Keep your code and system up to date!

Remove Single Point Of Failure

Similar to couple dependencies that can cause issues, relying on a single endpoint or component is risky, let’s say you’re using one load-balancer, what happened if that load-balancer is overloaded?

Single database? the same issue

Those are simple examples but in your product there are probably more components that are defined as single point of failure.

The less single point of failure the better!

Compute Group Vs. Cluster

Do you have a cluster or compute group for your production?

What is a compute group?

What is a cluster?

Compute Group

Compute Group is a set of identical servers doing the same function.

Example of a compute group: Apache (web servers)
Your website traffic is increasing and you need to add more servers to handle the load, so you add another web server (let’s say it’s Apache) and than another.

Those web servers are doing the same thing (function) which is presenting web files (HTML) to visitors on the website, now those web servers are not connected together and don’t “know” about other web servers.

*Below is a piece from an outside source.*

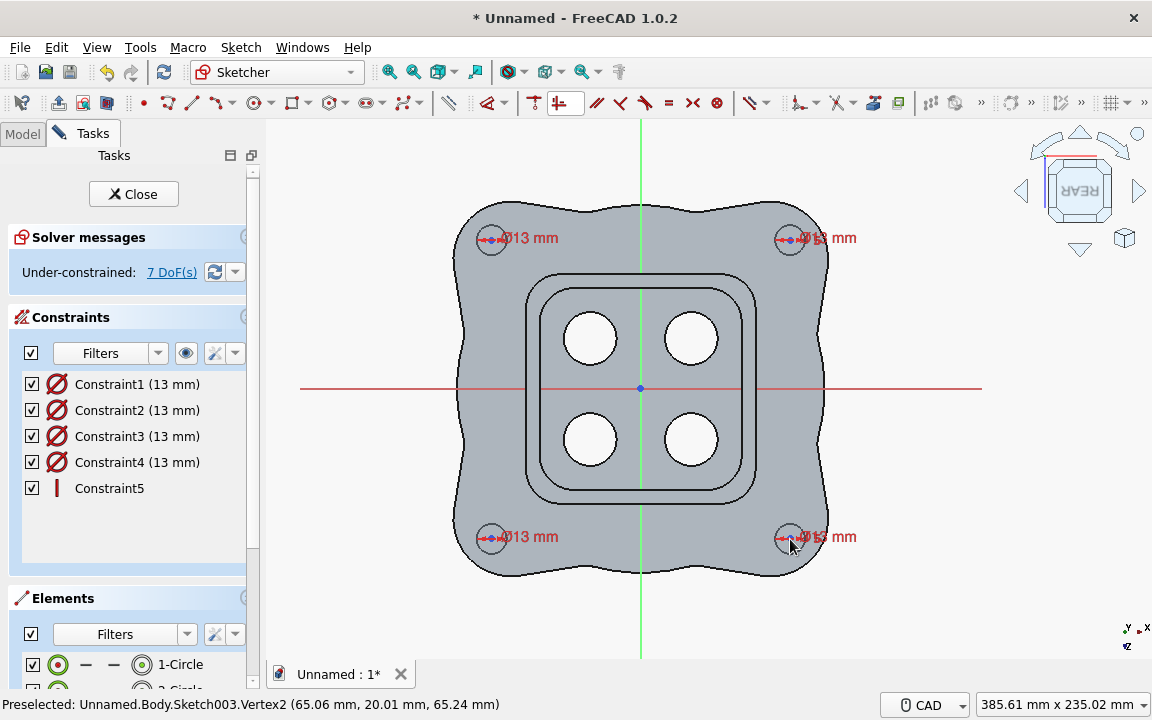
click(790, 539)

So, how does this scenario work?

The Load-Balancer is forwarding traffic to the web servers (let’s say it’s round-robin) and those web servers are presenting files to the visitors.

You can add or remove web servers per demand.

Cluster

Cluster is a group of compute servers that are connected and can operate together and “know” about each member of the cluster.

Example of a cluster: Kafka

Kafka has a minimum of 3 nodes in a cluster and those 3 nodes are configured with the IP of the other members of the cluster and elect a leader out of the 3 nodes.

If there’s an issue with one of the nodes the other can take it’s responsibility, thus you achieve high-availability.